All 34 patients described above with an atypical ASD and associated anomalies had surgical correction of the lesion. There was complete concordance between the MRI with surgical diagnoses of type and estimated size of ASD, number and site of drainage of anomalous pulmonary veins, and any systemic venous anomalies.

Shunt quantification by PC-MRI: comparison with oximetry

The Bland-Altman analysis was applied to the log-transformed data [12], since differences increased linearly with mean Qp/Qs values. Estimation of the precision of the limits of agreement (defined as mean ± 2 × SD) was based on calculation of 95% confidence intervals (CI). A mean value of 1.0 after antilog transformation (dimensionless ratio) would be expected in the case of no difference between two tested methods. In 72 of the 82 patients in whom PC-MRI was performed for shunt quantification, acceptable agreement with a small difference of 3% (mean 0.97 after antilog transformation) between the two methods was observed. Upper and lower limits of agreement were 1.21 (95% CI 1.15–1.27) and 0.75 (CI 0.71–0.78). Mean Qp/Qs was 1.87±0.68 from PC-MRI and 1.93±0.77 from oximetry, respectively.

Discussion

ASD occurs in about 1.5 per 1,000 newborns [13]. Large defects with relevant left-to-right shunting will present in infancy or childhood with failure to thrive, recurrent respiratory infection or murmurs caused by the relative pulmonary stenosis. Medium size ASDs may be symptom-free in childhood although shunting will cause right atrial and right ventricular dilatation. Arrhythmia, reduced exercise capacity, right heart failure and pulmonary hypertension can develop over decades when adequate treatment is delayed [14]. Nowadays, percutaneous device closure of a secundum ASD is the standard to prevent these sequelae after TTE diagnosis and transoesophageal guidance of the procedure.

In this study of children with left-to-right shunts at the level of the atrium and inconclusive TTE, we found free-breathing CMR performed under sedation to be an excellent method for both morphological and haemodynamic assessment, allowing selection of patients in whom transcatheter defect closure was unsuitable. The relatively large study population allowed the inclusion of a number of different kinds of atypical ASD such as inferior caval defects and superior sinus venosus defects in a prospective manner. Cine PC-MRI was found to be a powerful sequence to define the presence, size and position of an atypical ASD. This extends published data using PC-MRI for imaging and sizing of simple secundum ASDs to paediatric patients with atypical ASD [1518]. Without the use of MR contrast agents, which is even more important because of new data regarding gadolinium-triggered systemic fibrosis [19], there were no false-positive or false-negative diagnoses using inflow MRA for the delineation of normal and abnormal pulmonary and systemic venous connections. Hence, sensitivity and specificity in this respect were 100% as compared with intraoperative findings.
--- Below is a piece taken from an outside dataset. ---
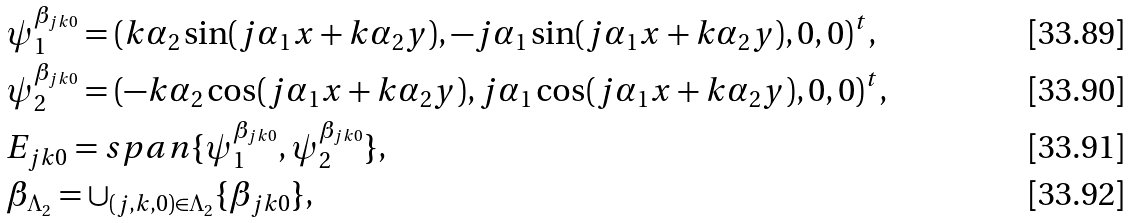<formula> <loc_0><loc_0><loc_500><loc_500>& \psi ^ { \beta _ { j k 0 } } _ { 1 } = ( k \alpha _ { 2 } \sin ( j \alpha _ { 1 } x + k \alpha _ { 2 } y ) , - j \alpha _ { 1 } \sin ( j \alpha _ { 1 } x + k \alpha _ { 2 } y ) , 0 , 0 ) ^ { t } , \\ & \psi ^ { \beta _ { j k 0 } } _ { 2 } = ( - k \alpha _ { 2 } \cos ( j \alpha _ { 1 } x + k \alpha _ { 2 } y ) , j \alpha _ { 1 } \cos ( j \alpha _ { 1 } x + k \alpha _ { 2 } y ) , 0 , 0 ) ^ { t } , \\ & E _ { j k 0 } = s p a n \{ \psi ^ { \beta _ { j k 0 } } _ { 1 } , \psi ^ { \beta _ { j k 0 } } _ { 2 } \} , \\ & \beta _ { \Lambda _ { 2 } } = \cup _ { ( j , k , 0 ) \in \Lambda _ { 2 } } \{ \beta _ { j k 0 } \} ,</formula> 
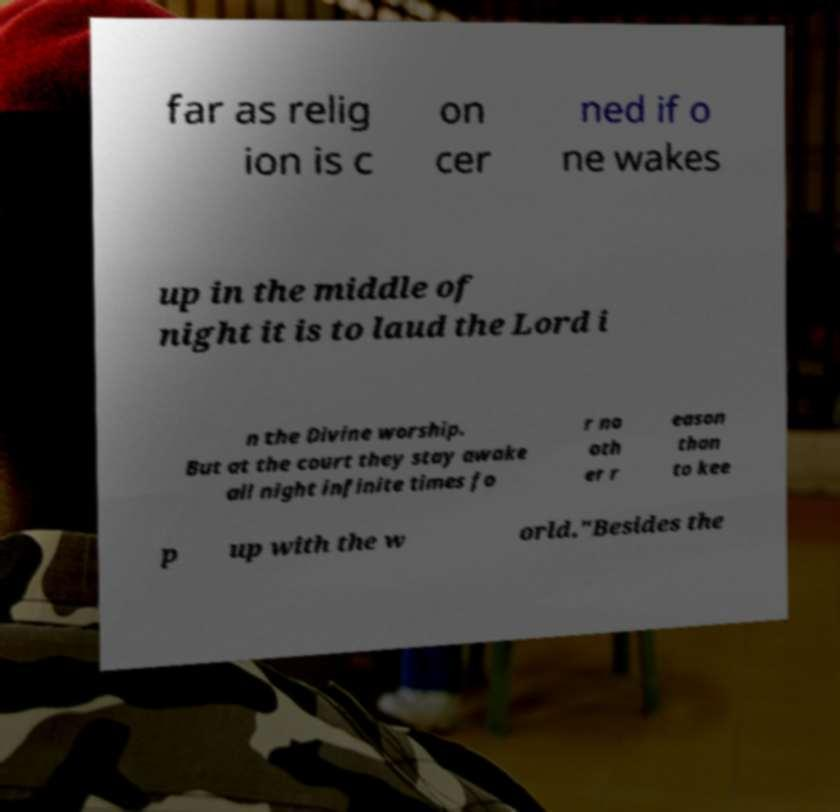Could you extract and type out the text from this image? far as relig ion is c on cer ned if o ne wakes up in the middle of night it is to laud the Lord i n the Divine worship. But at the court they stay awake all night infinite times fo r no oth er r eason than to kee p up with the w orld."Besides the 
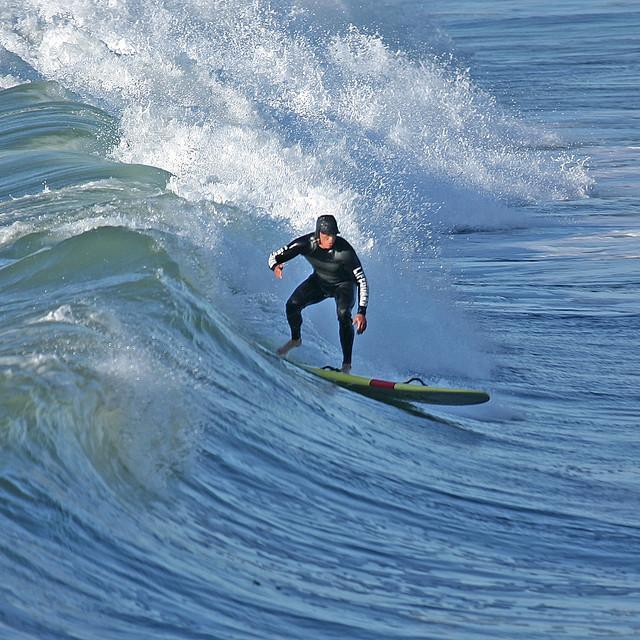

As a result of this study, our hospital practice has changed, such that suspected atypical ASD and PAPVR are routinely evaluated by free-breathing CMR in the setting of a nondiagnostic TTE study. We no longer perform cardiac catheterization or TEE in these patients, unless transcatheter treatment seems a feasible option. Our free-breathing CMR protocol was straightforward with a scan time of usually less than 30 min, including shunt quantification, because in patients with atypical ASD detailed defect sizing was unnecessary and additional sequences could be omitted.

Conclusion

Free-breathing CMR under sedation allows reliable identification of children with atypical atrial-level left-to-right shunt defects in whom transcatheter ASD closure is unsuitable. ASD localization and diagnosis of pulmonary or systemic venous anomalies, including shunt quantification, are possible in less than 30 min.